Introduction to the Utilities

Peter Bol

doi:10.1017/jch.2020.10

Introduction to the Utilities

Published online by Cambridge University Press: 12 August 2020

Peter Bol

Show author details

Peter Bol*: Affiliation:
Harvard University
*: *Corresponding author. Email: [email protected]

Article contents

Extract
Footnotes
References

Rights & Permissions

Extract

A variety of databases, tools and platforms have created the foundation for digital scholarship in Chinese studies. The creators of some open-access projects introduce their work below, but first I offer some notes on the kinds of utilities that make up the expanding digital universe.

Type: Utilities
Information: Journal of Chinese History 中國歷史學刊 , Volume 4 , Special Issue 2: Digital Humanities , July 2020 , pp. 483 - 486

DOI: https://doi.org/10.1017/jch.2020.10 [Opens in a new window]
Copyright: Copyright © Cambridge University Press 2020

Searchable text databases are the most widely used resource.
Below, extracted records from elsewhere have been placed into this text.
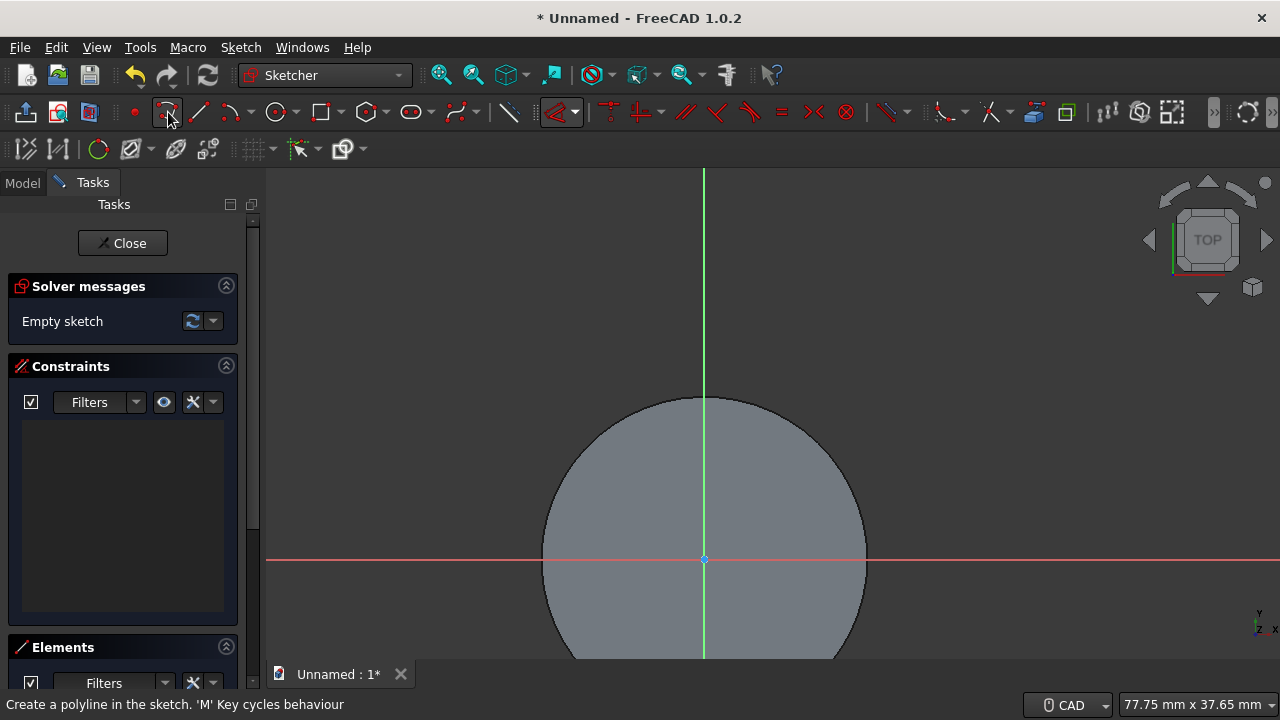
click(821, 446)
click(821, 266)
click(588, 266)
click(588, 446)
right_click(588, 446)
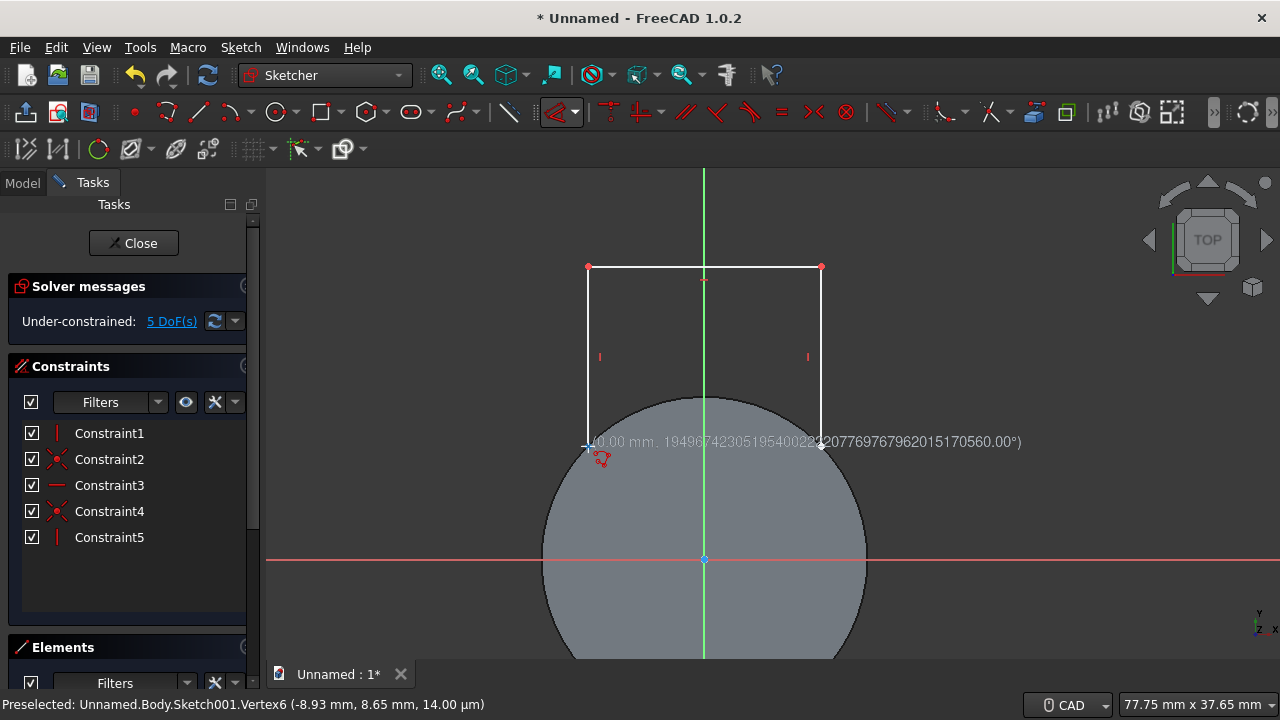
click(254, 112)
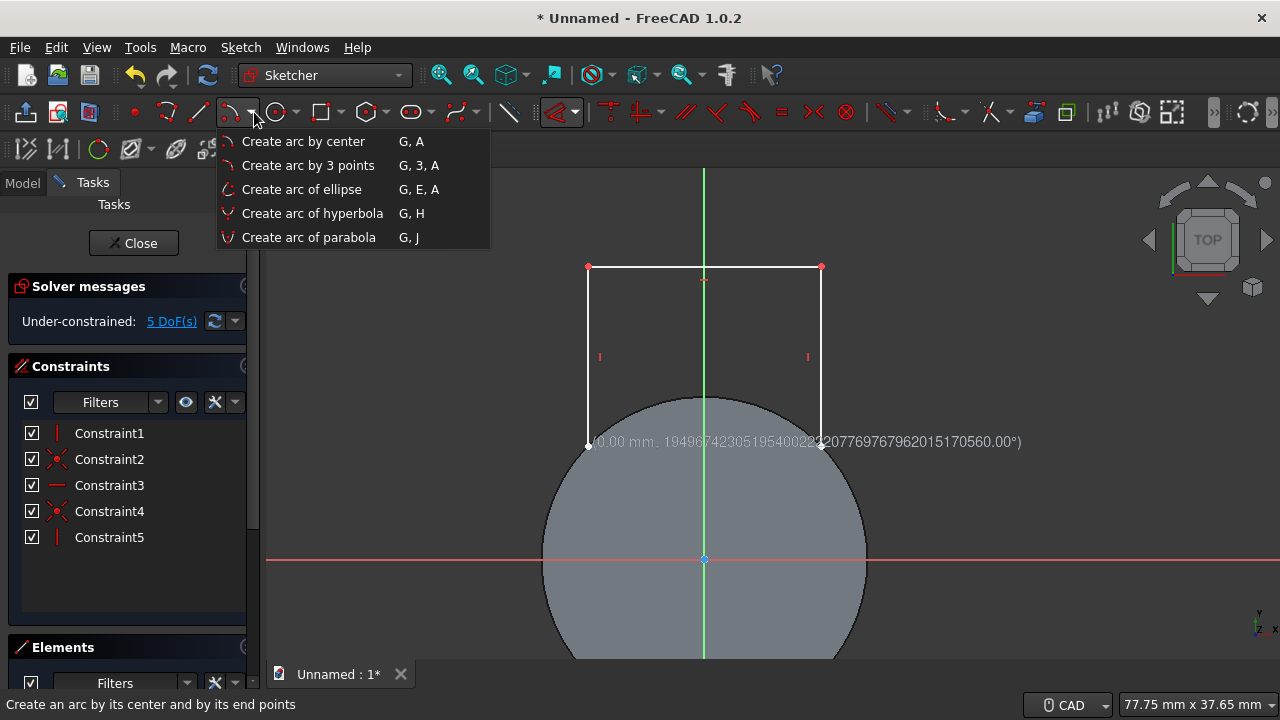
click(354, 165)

Beginning in 1984 with the dynastic histories, Academia Sinica's Institute of History and Philology has set the highest standard for the creation of digital texts, and since then other institutions have followed suit. A proportion of Scripta Sinica is open access.Footnote ¹ Since then, in addition to many commercial text databases, three other collections have been established that are entirely open access. CBETA, the Chinese Electronic Tripitaka Collection, began over twenty years ago.Footnote ² The most recent is the Kanseki Repository of premodern Chinese texts, popularly known as Kanripo; it is overseen by Christian Wittern of Kyoto University and has 9,500 texts.Footnote ³ The largest is Donald Sturgeon's Ctext, the Chinese Text Project, currently holding over thirty thousand titles and more than five billion characters. The text repository is only one part of the Ctext platform, which includes a variety of tools, as Sturgeon explains in his introduction to the platform.Footnote ⁴ The most convenient way to discover whether a text is available in one of these three repositories (or the Zhonghu jingdian gujiku 中华经典古籍库) is to consult textref.org; icons show whether a text is open to view, search, or download and whether a scanned image is available. The scanned image is important because, as Sturgeon explains in the case of Ctext, the searchable text is created by applying optical character recognition (OCR) to the scanned image. Textref.org currently has 54,000 records and is an important contribution to the cyber infrastructure for Chinese studies. All providers of digital text, whether open- or licensed-access can choose to reveal the titles they have, without losing their proprietary rights.Footnote ⁵

The Ming Qing Women's Writings Digital Archive and Database, discussed below by its director Grace Fong, is an example of digital archive of selected writings with an online scholarly apparatus.Footnote ⁶ MQWW is valuable for its collection of rare texts. It also illustrates how a database focused on a particular set of texts and people can make use of other online utilities. In this case MQWW uses an application programming interface (API) to call up information from the China Biographical Database, thus relieving it of the need to keep track of kin and social relations of the writers themselves.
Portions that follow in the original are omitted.